BBFQ for discussion; Can enough of the right sort of declarations overcome an impoverished spirit?

This declaration / confession of mine today has been prompted by our dear brother John who was one the first ones to be born into the family of God and commissioned as a son of the kingdom. His is as powerful a declaration and statement of theology as a saint might hope to ever make;

“I am the disciple that Jesus loved.” (John 20:2)

I love it that this disciple whose head had rested only recently upon his Master’s chest, was up early and running faster than the others to verify recent reports about his Friend. By most religious standards, John, in his simple childlike devotion, was outrageously presumptuous about His relationship with God. He had zero doubt regarding Jesus’ fondness of Him. He was not burdened about His fallen nature and the possible rejection by God it might portend. He had lived with Him for three years and Jesus had never harped on his depravity. John’s soul processed everything through this filter of unqualified acceptance and consequently he was spared the contortions that contemporary religious culture drives us toward. He was not stalked as most of us are (or have been) by guilt and shame.

BBFQ for discussion; What do you believe your life is currently declaring
about the Father and His kingdom?

Sadly, the old Rob’s sermon on Authentic Christianity has sufficient guilt and shame to preach well in many churches. Sadly, whether we recognize it or not, most evangelicals are well acquainted with the condemning voice of religion and have mistaken it for the Good Shepherd’s.

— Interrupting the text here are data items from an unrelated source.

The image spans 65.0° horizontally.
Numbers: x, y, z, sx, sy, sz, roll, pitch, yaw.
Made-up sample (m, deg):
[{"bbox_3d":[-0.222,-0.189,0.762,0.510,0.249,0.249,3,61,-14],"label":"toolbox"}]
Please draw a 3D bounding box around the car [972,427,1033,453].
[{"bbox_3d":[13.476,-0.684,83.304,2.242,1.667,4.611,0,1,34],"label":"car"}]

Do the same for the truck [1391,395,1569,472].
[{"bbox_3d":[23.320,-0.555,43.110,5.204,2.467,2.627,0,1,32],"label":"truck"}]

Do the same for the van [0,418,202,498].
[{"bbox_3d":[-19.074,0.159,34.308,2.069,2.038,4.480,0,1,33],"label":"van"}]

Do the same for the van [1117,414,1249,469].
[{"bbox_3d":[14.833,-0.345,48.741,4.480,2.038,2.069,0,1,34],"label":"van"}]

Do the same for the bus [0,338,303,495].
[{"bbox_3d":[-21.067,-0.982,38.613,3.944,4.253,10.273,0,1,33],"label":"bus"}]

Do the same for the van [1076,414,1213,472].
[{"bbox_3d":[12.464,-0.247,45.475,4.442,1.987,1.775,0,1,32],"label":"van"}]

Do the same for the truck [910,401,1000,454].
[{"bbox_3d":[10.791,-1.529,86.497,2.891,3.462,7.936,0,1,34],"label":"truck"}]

BBFQ for discussion; Do you think its possible that voices speaking in condemning tones (which create and reinforce guilt) are the voices of false shepherd’s who have snuck in unnoticed to the sheep pen? Note; Paul used a lot of ink warring with the religious spirits of his day. The mission of the religious spirit is to rob saints of the freedom Christ purchased for them.

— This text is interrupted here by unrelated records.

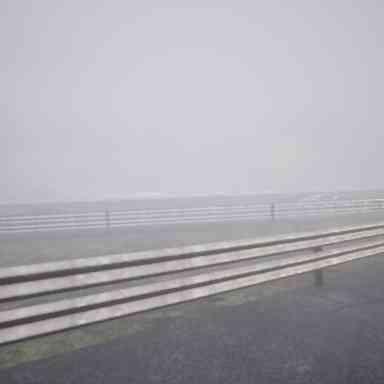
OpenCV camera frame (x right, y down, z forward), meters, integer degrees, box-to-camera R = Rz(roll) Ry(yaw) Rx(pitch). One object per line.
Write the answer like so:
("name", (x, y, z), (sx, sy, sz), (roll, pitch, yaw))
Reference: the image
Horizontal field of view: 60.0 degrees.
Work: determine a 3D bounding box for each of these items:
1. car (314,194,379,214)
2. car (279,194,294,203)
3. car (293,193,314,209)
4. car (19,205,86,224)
("car", (13.184, 0.942, 27.711), (4.902, 1.511, 2.128), (-2, 1, -12))
("car", (11.467, 0.901, 34.500), (4.892, 1.490, 1.837), (-2, 1, -12))
("car", (12.304, 0.949, 31.100), (4.674, 1.442, 1.812), (-2, 1, -12))
("car", (-10.872, 1.781, 25.920), (4.902, 1.511, 2.128), (-2, 1, -13))

The tremendously good news is that there is a safe place for us in Christ where we can be immune from guilt and shame. In that space, with John, we can live joyously free in our identities that are rooted and founded in Christ. Our new identities, which have been freshly resurrected with Him, are eternally superior ones to our fallen identities which have been buried with Christ. Our lives, like John, can declare that we are those disciples whom Jesus loves.

As we find our home in the broad and safe spaces of His love, we in turn, will be able to create safe space and shelter for those God has placed around us. This is our kingdom destiny.

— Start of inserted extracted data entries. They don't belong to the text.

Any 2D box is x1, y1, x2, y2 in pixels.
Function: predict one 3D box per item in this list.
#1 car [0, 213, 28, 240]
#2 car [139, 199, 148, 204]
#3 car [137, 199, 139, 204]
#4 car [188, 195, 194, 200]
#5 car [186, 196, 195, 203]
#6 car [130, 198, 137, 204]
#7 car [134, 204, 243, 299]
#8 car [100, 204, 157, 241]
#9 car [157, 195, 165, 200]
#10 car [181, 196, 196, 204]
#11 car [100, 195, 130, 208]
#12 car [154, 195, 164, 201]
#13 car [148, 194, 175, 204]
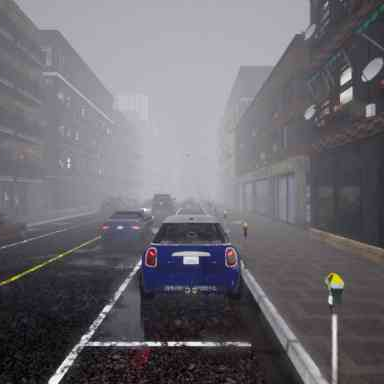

“The kingdom of heaven is like a mustard seed, which a man took and planted in his field. Though it is the smallest of all seeds, yet when it grows, it is the largest of garden plants and becomes a tree, so that the birds come and (safely) perch in its branches.”

Even though this plant may currently appear exceedingly small, God is inviting His family to invest now in His Kingdom by revisiting much that we have assumed within our own hearts and in our religious cultures which have produced such a limited harvest of righteousness peace and joy. You may be asking how can I enter this supposed life? Certainly it will be by faith but also interacting with the BBFQ’s might provide just the stimulus this young kingdom plant needs.

Father, give us eyes to see this Kingdom of Yours that You have hidden in our hearts as a revelation to this world in its latter hours. May we lay hold of Your Kingdom’s culture and its eternal values which are intended as the government of our hearts. May our lives shout with a clarity yet to be heard in this earth, that we are the disciples that You have loved. May our words and deeds make a clear declaration that You are risen from the grave and that you are transforming Your Church by exposing the lies of Satan and evicting him from his strongholds; reclaiming all that is rightfully Your inheritance and ours. May every expression of our lives reflect that ours is a good and a sovereign God. Father, in our freshly acquired joy and freedom, receive the reward of Your sufferings. Bless You Lord. You are indeed astonishing.